Kemudian, syarat rehabilitasi penyalahguna narkoba berlaku jika tersangka tidak terlibat jaringan peredaran gelap narkotika. Tak hanya itu, syarat rehabilitasi juga berlaku untuk pelaku yang tidak memiliki barang bukti dan juga minim barang bukti.
"Berdasarkan hasil penyidikan dengan menggunakan metode know your suspect , tersangka tidak terlibat jaringan peredaran gelap narkotika dan merupakan pengguna terakhir (end user)," bunyi angka 4 poin b.
"Tersangka ditangkap atau tertangkap tangan tanpa barang bukti narkotika atau dengan barang bukti narkotika yang tidal melebihi jumlah pemakaian satu hari," bunyi angka 4 poin c.
Pedoman yang dikeluarkan Burhanuddin terdiri IX Bab yang mengatur mulai dari proses pra penuntutan, penuntutan, pengawasan, pelatihan hingga pembiayaan penyelesaian penanganan perkara tindak pidana penyalahgunaan narkotika melalui rehabilitasi. Pedoman ini diteken Jaksa Agung ST Burnanuddin.

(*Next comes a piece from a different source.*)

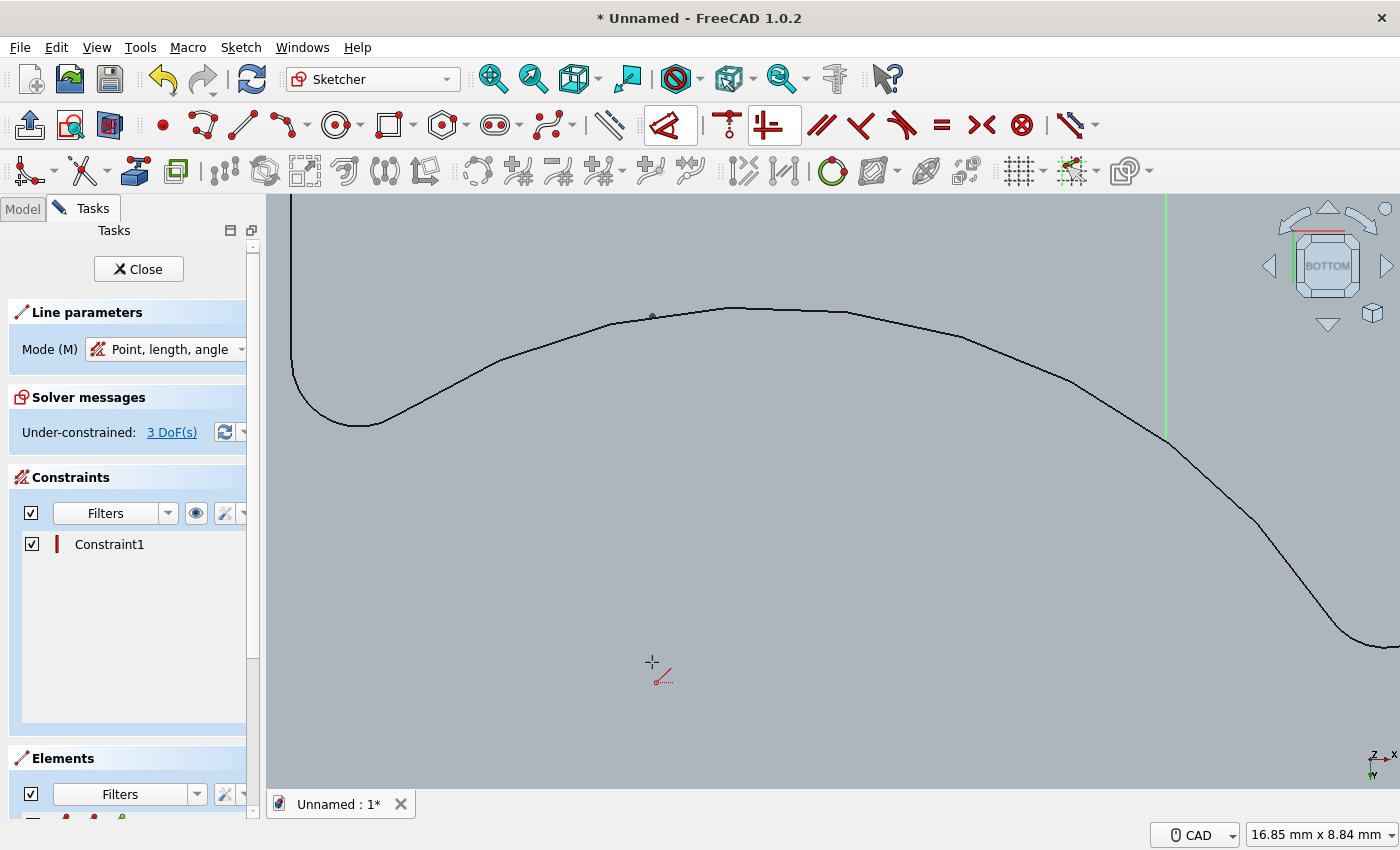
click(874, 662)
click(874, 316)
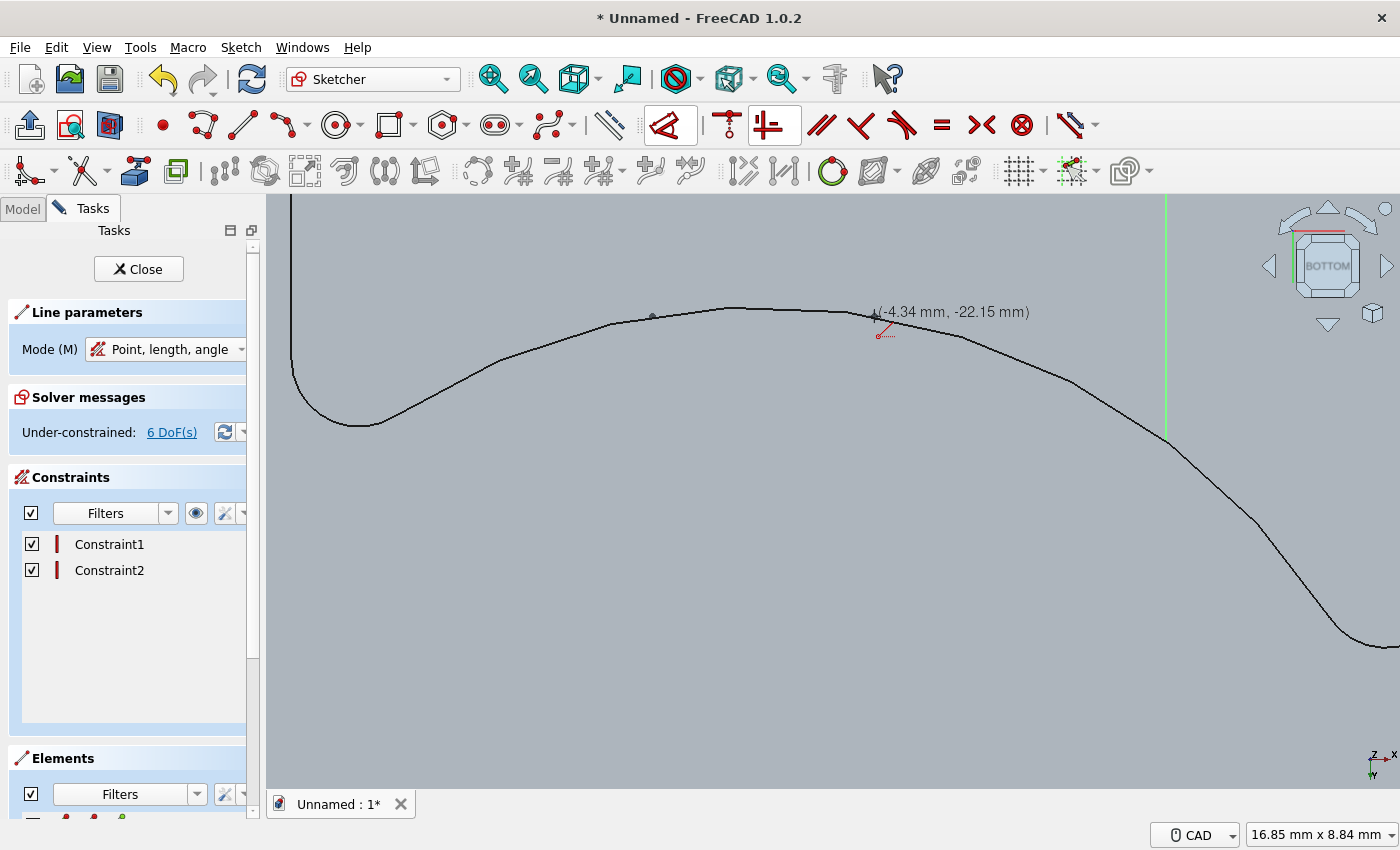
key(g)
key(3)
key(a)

"Latar belakang dikeluarkannya pedoman tersebut, memperhatikan sistem peradilan pidana saat ini cenderung punitif, tercermin dari jumlah penghuni lembaga pemasyarakatan yang melebihi kapasitas (overcrowding) dan sebagian besar merupakan narapidana tindak pidana narkotika," jelas Leonard.
Leonard mengatakan lapas yang melebihi kapasitas telah menjadi perhatian serius pemerintah sebagaimana dalam Rencana Pembangunan Jangka Menengah Nasional Tahun 2020-2024. Karena itulah, Leonard menyebut perlu adanya kebijakan kriminal yang bersifat strategis terutama pada perkara narkotika.
"Isu overcrowding telah menjadi perhatian serius masyarakat dan pemerintah sebagaimana dalam Rencana Pembangunan Jangka Menengah Nasional Tahun 2020-2024 dalam rangka perbaikan sistem hukum pidana melalui pendekatan keadilan restoratif. Oleh karenanya diperlukan kebijakan kriminal yang bersifat strategis, khususnya dalam penanganan perkara tindak pidana penyalahgunaan narkotika," ucapnya.